RIYADH: Saudi Arabian Foreign Minister Adel al-Jubeir reaffirmed on Tuesday the kingdom’s willingness to deploy troops to Syria as part of US-led efforts to stabilise the conflict-torn country.
“We are in discussions with the US and have been since the beginning of the Syrian crisis (in 2011) about sending forces into Syria,” Jubeir said at a press conference in Riyadh with UN chief Antonio Guterres.
The comments were in response to a Wall Street Journal report on Monday that US President Donald Trump’s administration was seeking to assemble an Arab force, including troops from Saudi Arabia and the United Arab Emirates, to help stabilise Syria.
The report follows weekend strikes by the United States, Britain and France against Syrian leader Bashar al-Assad’s regime that hit targets they said were linked to its chemical weapons programme.
Jubeir emphasised the proposal to send its troops was “not new”.

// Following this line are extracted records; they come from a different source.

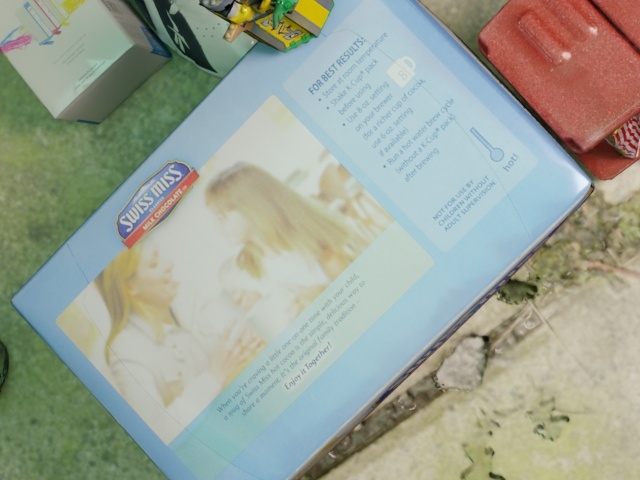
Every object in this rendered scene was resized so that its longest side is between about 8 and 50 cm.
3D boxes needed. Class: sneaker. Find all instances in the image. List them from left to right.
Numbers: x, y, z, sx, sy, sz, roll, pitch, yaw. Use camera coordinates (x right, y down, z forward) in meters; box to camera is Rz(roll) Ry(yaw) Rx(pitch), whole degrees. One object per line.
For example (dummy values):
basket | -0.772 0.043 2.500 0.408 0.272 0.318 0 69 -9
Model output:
sneaker | -0.132 -0.226 1.016 0.094 0.153 0.235 -30 86 13

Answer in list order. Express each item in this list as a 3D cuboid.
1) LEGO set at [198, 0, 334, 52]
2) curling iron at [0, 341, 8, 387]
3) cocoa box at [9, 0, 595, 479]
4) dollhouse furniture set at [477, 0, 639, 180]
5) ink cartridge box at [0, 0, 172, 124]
LEGO set | -0.111 -0.278 0.808 0.331 0.192 0.255 39 99 28
curling iron | -0.378 0.051 1.141 0.274 0.035 0.068 37 95 7
cocoa box | 0.000 0.000 0.959 0.347 0.228 0.231 -45 83 10
dollhouse furniture set | 0.133 -0.229 0.945 0.152 0.201 0.374 -43 77 11
ink cartridge box | -0.209 -0.178 1.066 0.090 0.092 0.143 -41 83 11

“We made a proposal to the (previous US) Obama administration that if the US were to send forces… then Saudi Arabia would consider along with other countries sending forces as part of this contingent,” he said.
Syria’s war, the most tangled of the region’s conflicts, is a key point of contention pitting Riyadh and its allies, who mainly back Sunni Muslim rebels, against regime backer Iran and its Lebanese ally Hezbollah.
Riyadh and Shiite rival Tehran also back opposing sides in other hotspots across the mainly Sunni Middle East, including Lebanon, Iraq and Saudi Arabia’s southern neighbour, Yemen.